Finance minister said Japan’s finances had “increased in severity to an unprecedented degree as we have compiled supplementary budgets to respond to the coronavirus and similar issues”


Japan's Finance Minister Shunichi Suzuki speaks at a news conference after Japan intervened in the currency market for the first time since 1998 to shore up the battered yen in Tokyo, Japan September 22, 2022. REUTERS/Kim Kyung-Hoon/File Photo
Japan's Finance Minister Shunichi Suzuki speaks at a news conference in Tokyo, September 22, 2022. File photo: Reuters.

 

Japanese Finance Minister Shunichi Suzuki warned on Monday that the country’s finances are becoming increasingly worrying.

His comments come as markets test whether the Bank of Japan can keep interest rates ultra-low and enable the government to service its debt, while inflation is at 41-year highs – double the central bank’s 2% target.
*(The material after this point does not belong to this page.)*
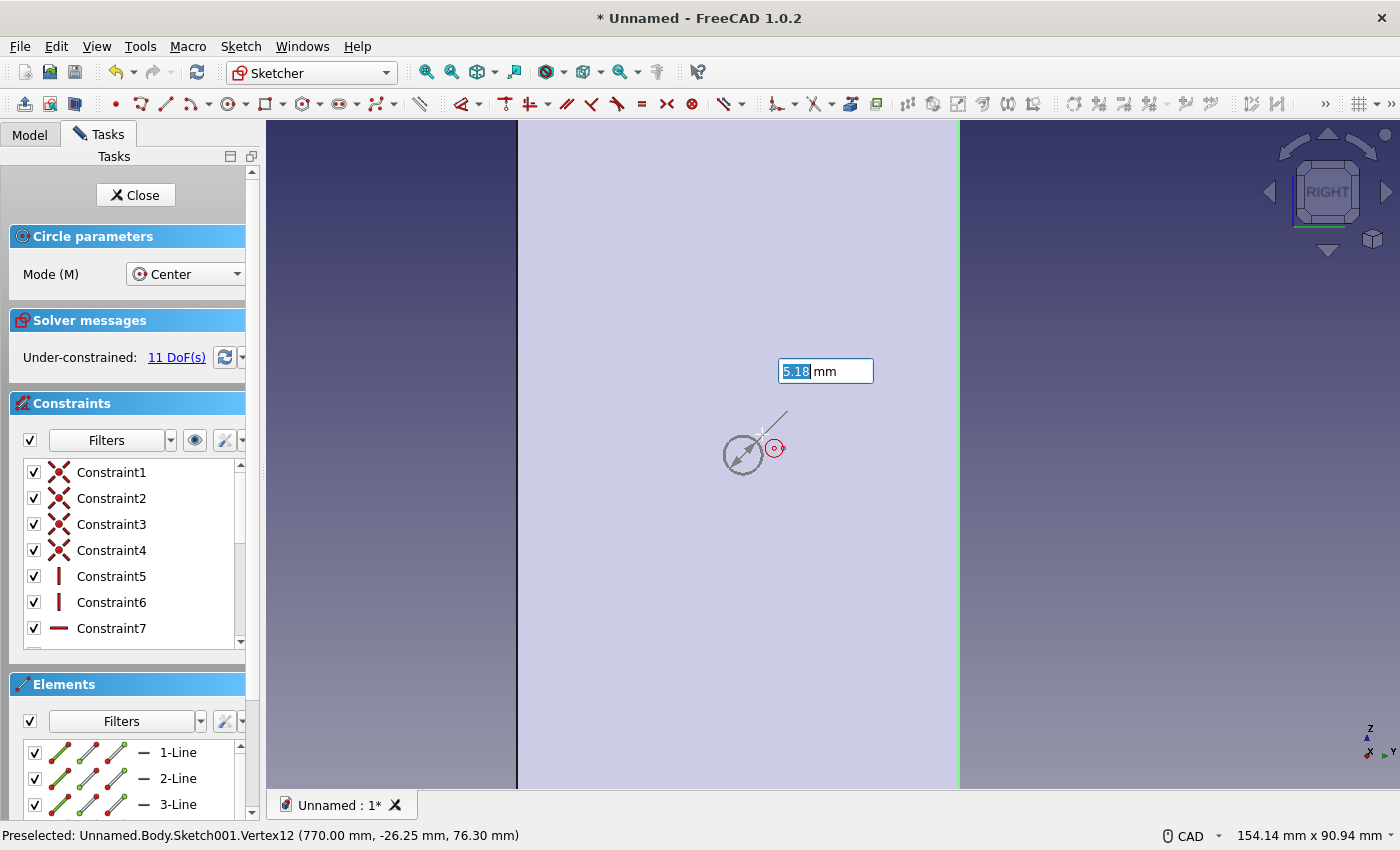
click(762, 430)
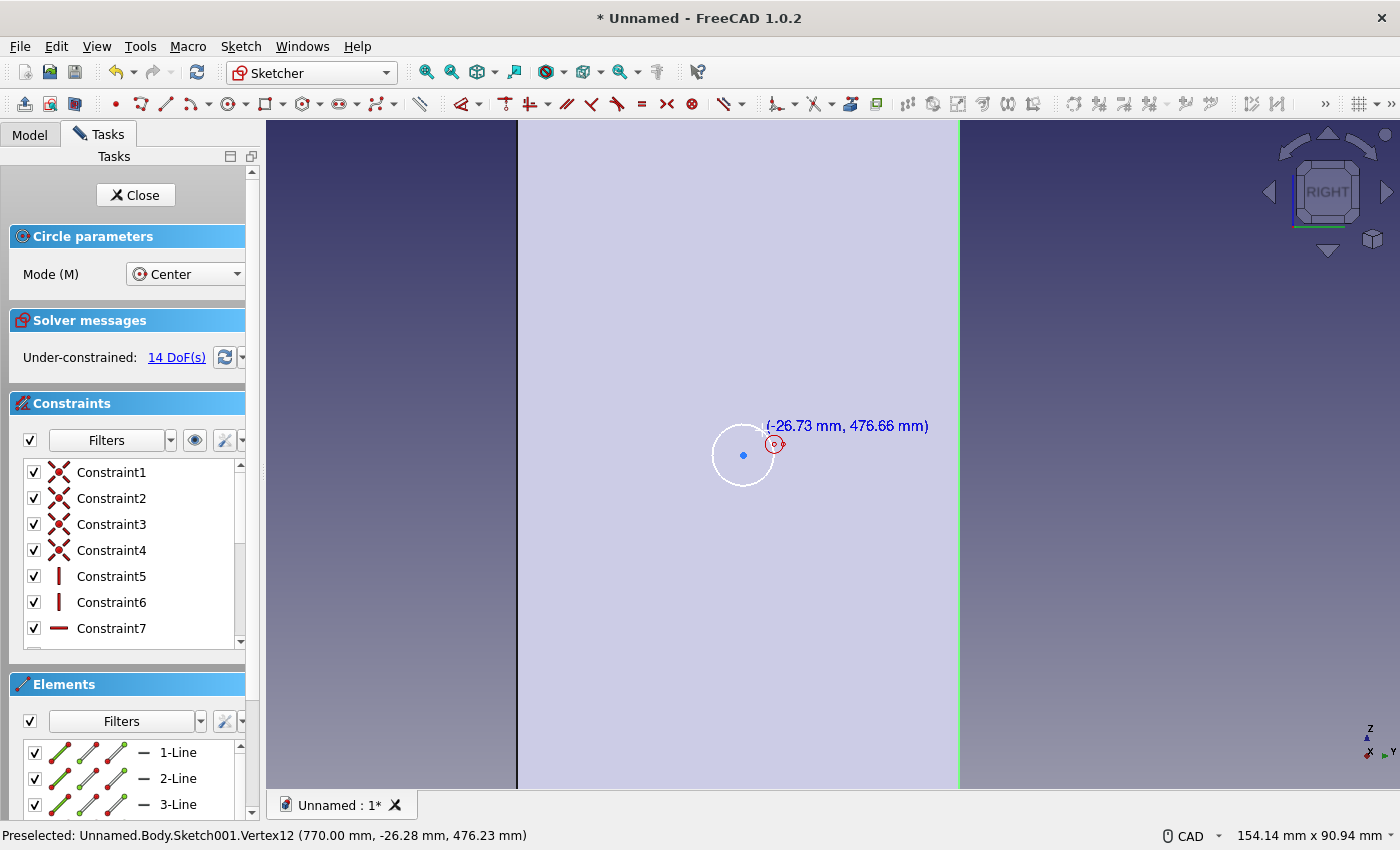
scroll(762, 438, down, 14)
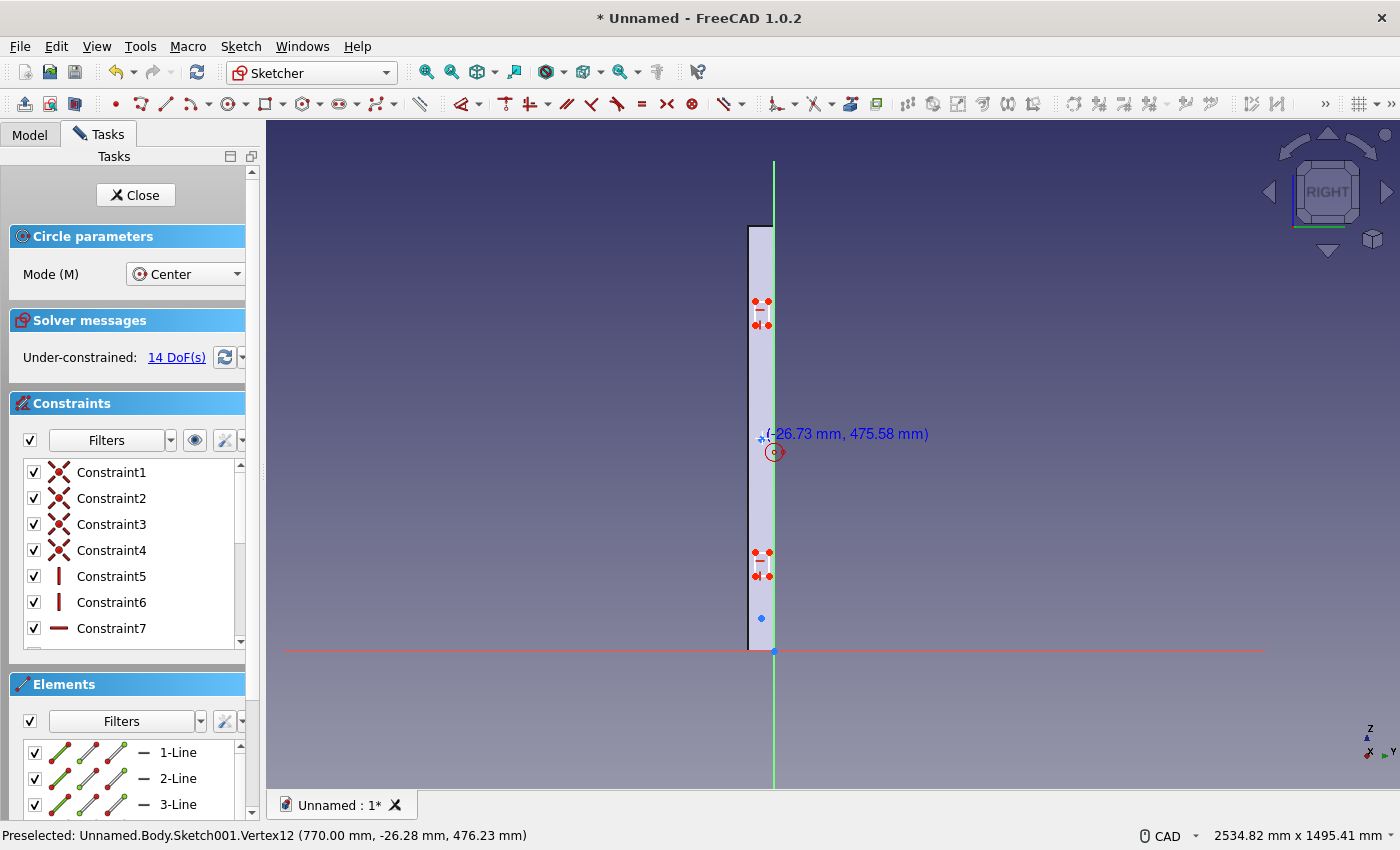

The government has been helped by near-zero bond yields, but bond investors have recently sought to break the central bank’s 0.5% cap on the 10-year bond yield.

“Japan’s public finances have increased in severity to an unprecedented degree as we have compiled supplementary budgets to respond to the coronavirus and similar issues,” Suzuki said in a policy speech starting a session of parliament.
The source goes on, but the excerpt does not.